• [THE TASK]:
Report, word for word, every line of the material that contains "number".

• [DATA SHOWN]:
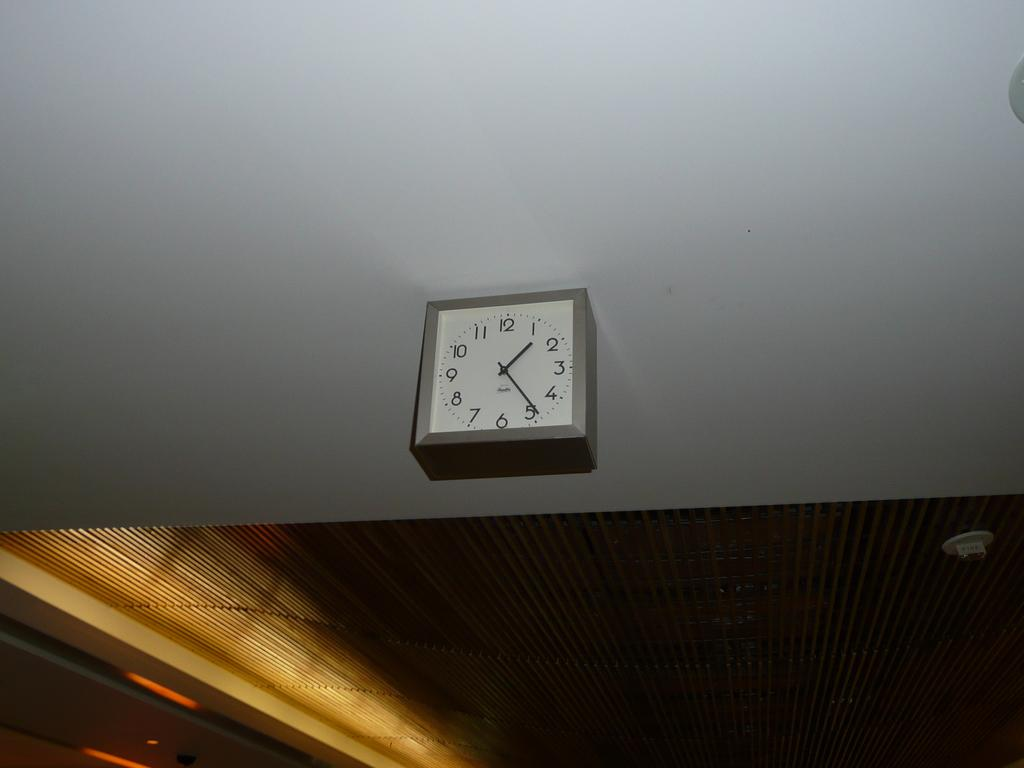<image>
Give a short and clear explanation of the subsequent image. A clock hanging from the ceiling telling the time 1:24. 
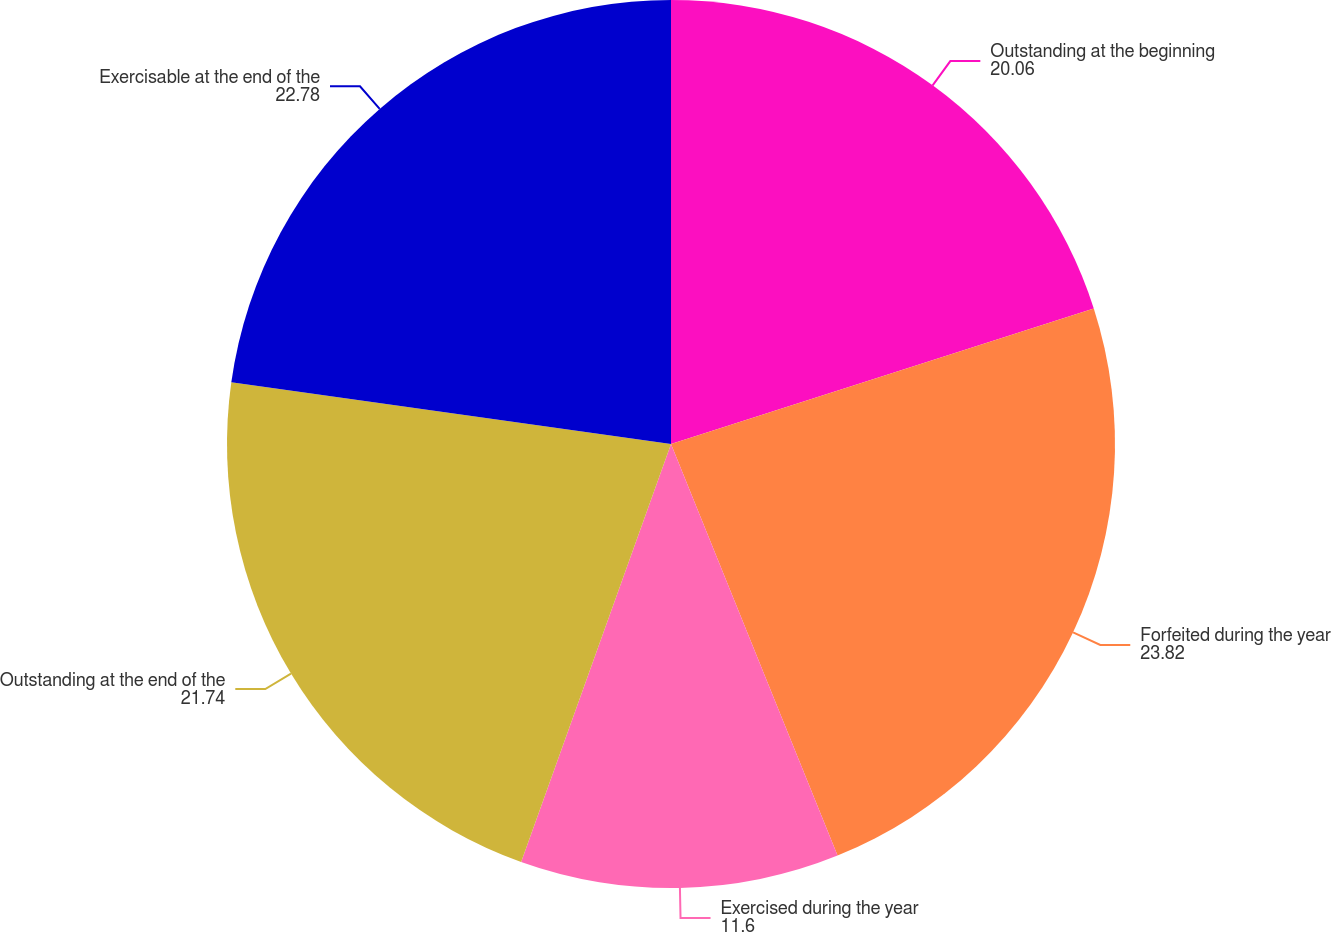<chart> <loc_0><loc_0><loc_500><loc_500><pie_chart><fcel>Outstanding at the beginning<fcel>Forfeited during the year<fcel>Exercised during the year<fcel>Outstanding at the end of the<fcel>Exercisable at the end of the<nl><fcel>20.06%<fcel>23.82%<fcel>11.6%<fcel>21.74%<fcel>22.78%<nl></chart> 
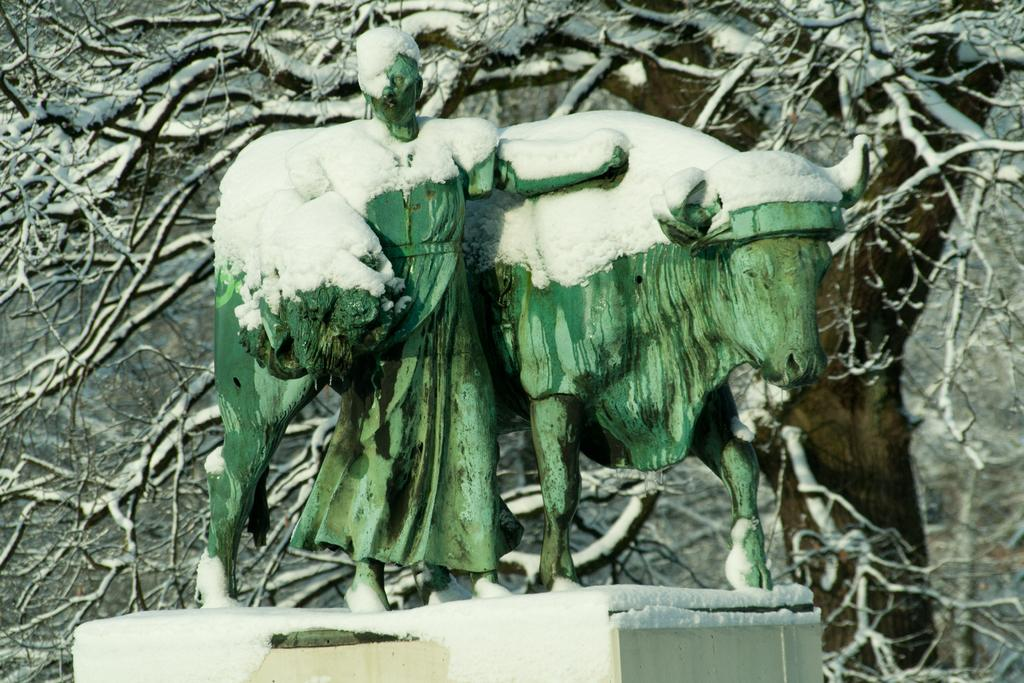What types of statues are present in the image? There is a statue of a person and a statue of an animal in the image. Where are the statues located? Both statues are on a pedestal. What is the weather like in the image? There is snow visible in the image. What can be seen in the background of the image? Branches covered with snow are present in the background of the image. What type of rock is being played in harmony in the image? There is no rock or musical instrument present in the image; it features statues on a pedestal with snow in the background. What type of destruction is depicted in the image? There is no destruction depicted in the image; it features statues on a pedestal with snow in the background. 
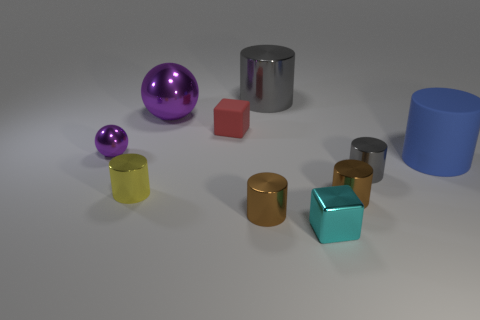Does the gray shiny thing that is behind the red matte cube have the same shape as the large blue object?
Your answer should be very brief. Yes. How many things are either large blue matte spheres or big spheres?
Offer a terse response. 1. Do the cube that is behind the small purple thing and the cyan cube have the same material?
Offer a very short reply. No. What size is the red matte block?
Your answer should be compact. Small. There is a shiny thing that is the same color as the big metallic cylinder; what is its shape?
Offer a very short reply. Cylinder. What number of cubes are tiny cyan metallic things or blue objects?
Keep it short and to the point. 1. Is the number of rubber cylinders on the left side of the blue object the same as the number of purple shiny balls that are to the right of the red rubber thing?
Offer a very short reply. Yes. There is a cyan shiny object that is the same shape as the red matte object; what size is it?
Offer a very short reply. Small. There is a metal object that is both in front of the big shiny cylinder and behind the tiny purple shiny object; what size is it?
Make the answer very short. Large. Are there any cyan shiny objects right of the big purple shiny object?
Your answer should be compact. Yes. 
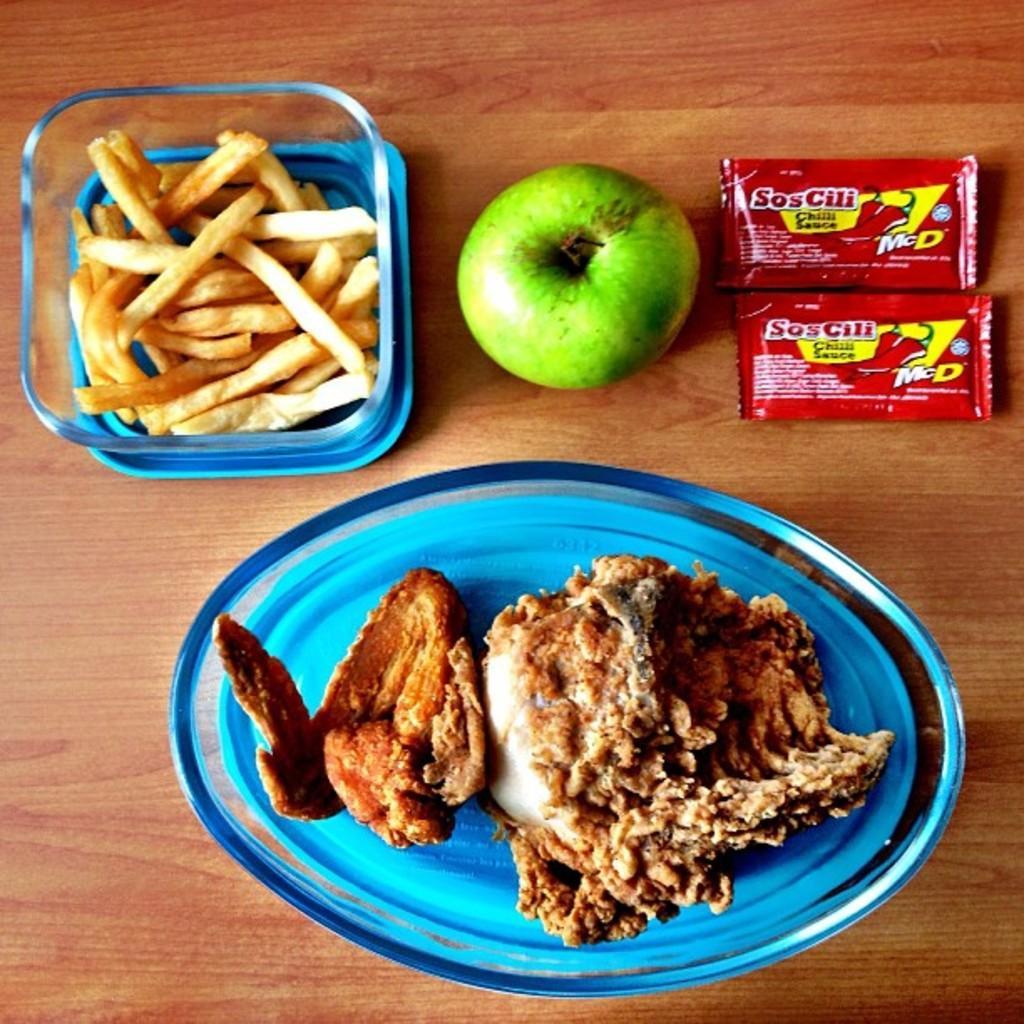Please provide a concise description of this image. In this image we can see a green apple, sauce packets, a bowl of french fries and also a plate of food. In the background we can see the wooden surface. 
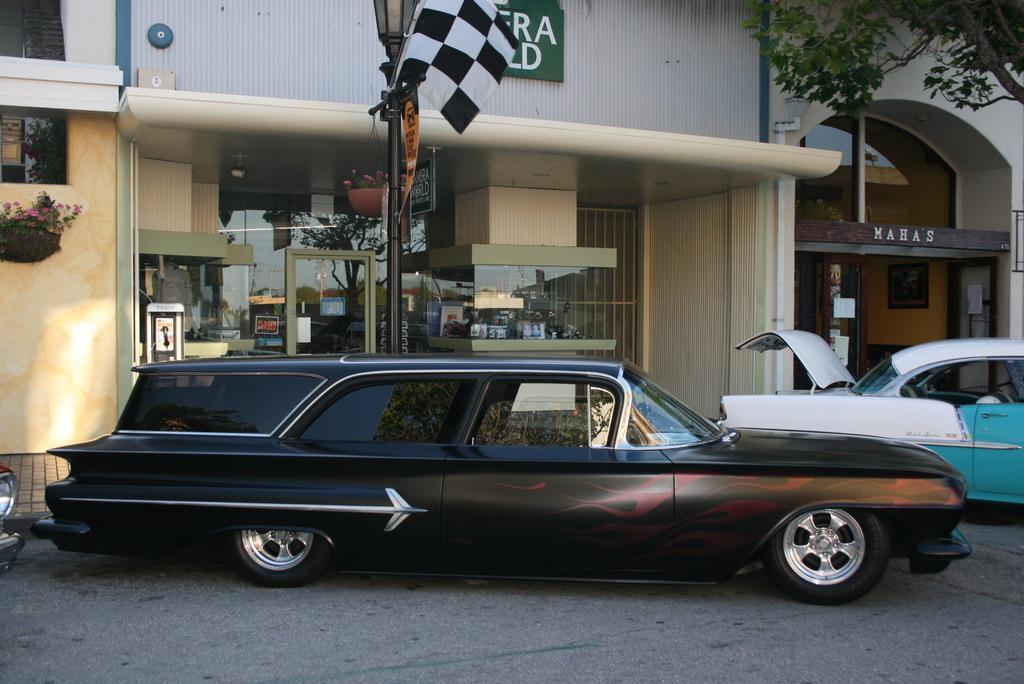Can you describe this image briefly? In this picture I can see vehicles on the road, there are buildings, there is a light with a pole, there are plants, boards, flag and there is a tree. 
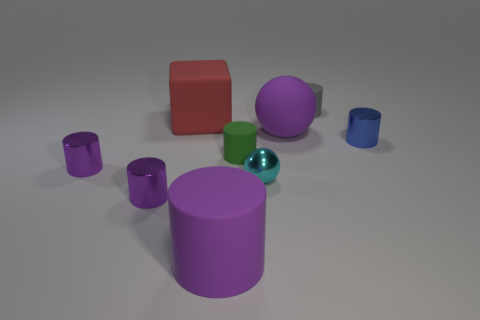Subtract all green blocks. How many purple cylinders are left? 3 Subtract all gray cylinders. How many cylinders are left? 5 Subtract all blue cylinders. How many cylinders are left? 5 Subtract all yellow cylinders. Subtract all cyan spheres. How many cylinders are left? 6 Subtract all balls. How many objects are left? 7 Subtract 0 blue spheres. How many objects are left? 9 Subtract all red rubber things. Subtract all tiny purple metal things. How many objects are left? 6 Add 9 tiny blue shiny objects. How many tiny blue shiny objects are left? 10 Add 2 green rubber cylinders. How many green rubber cylinders exist? 3 
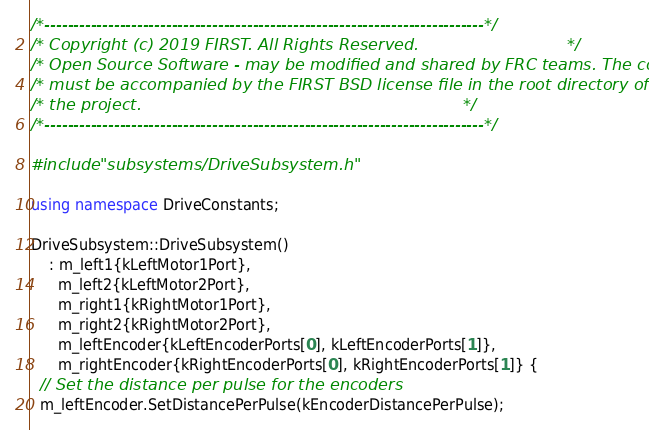Convert code to text. <code><loc_0><loc_0><loc_500><loc_500><_C++_>/*----------------------------------------------------------------------------*/
/* Copyright (c) 2019 FIRST. All Rights Reserved.                             */
/* Open Source Software - may be modified and shared by FRC teams. The code   */
/* must be accompanied by the FIRST BSD license file in the root directory of */
/* the project.                                                               */
/*----------------------------------------------------------------------------*/

#include "subsystems/DriveSubsystem.h"

using namespace DriveConstants;

DriveSubsystem::DriveSubsystem()
    : m_left1{kLeftMotor1Port},
      m_left2{kLeftMotor2Port},
      m_right1{kRightMotor1Port},
      m_right2{kRightMotor2Port},
      m_leftEncoder{kLeftEncoderPorts[0], kLeftEncoderPorts[1]},
      m_rightEncoder{kRightEncoderPorts[0], kRightEncoderPorts[1]} {
  // Set the distance per pulse for the encoders
  m_leftEncoder.SetDistancePerPulse(kEncoderDistancePerPulse);</code> 
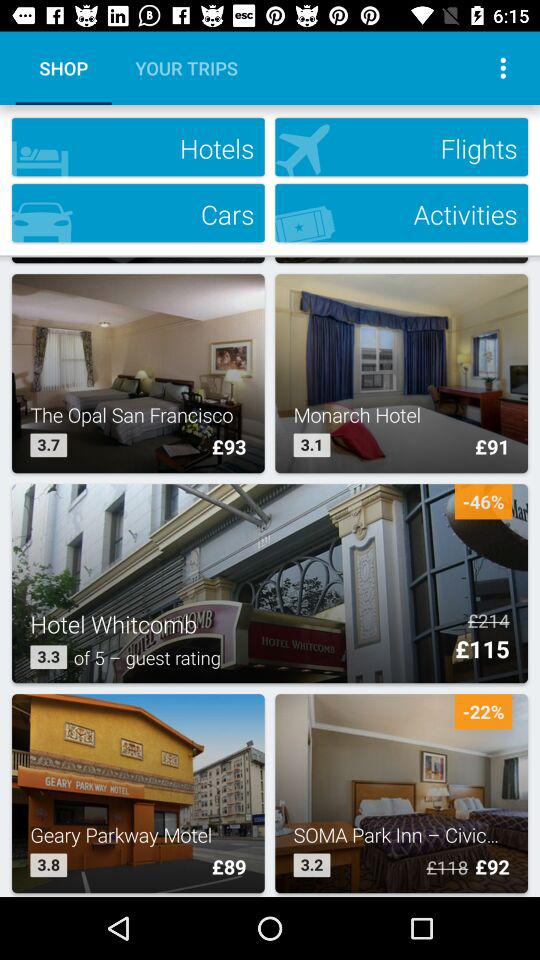What is the price of a room in "Hotel Whitcomb" before the discount? The price before the discount is £214.

• [YOUR SOLUTION]:
Offer a very short reply. Cylinder. What number of cubes are tiny cyan metallic things or blue objects?
Keep it short and to the point. 1. Is the number of rubber cylinders on the left side of the blue object the same as the number of purple shiny balls that are to the right of the red rubber thing?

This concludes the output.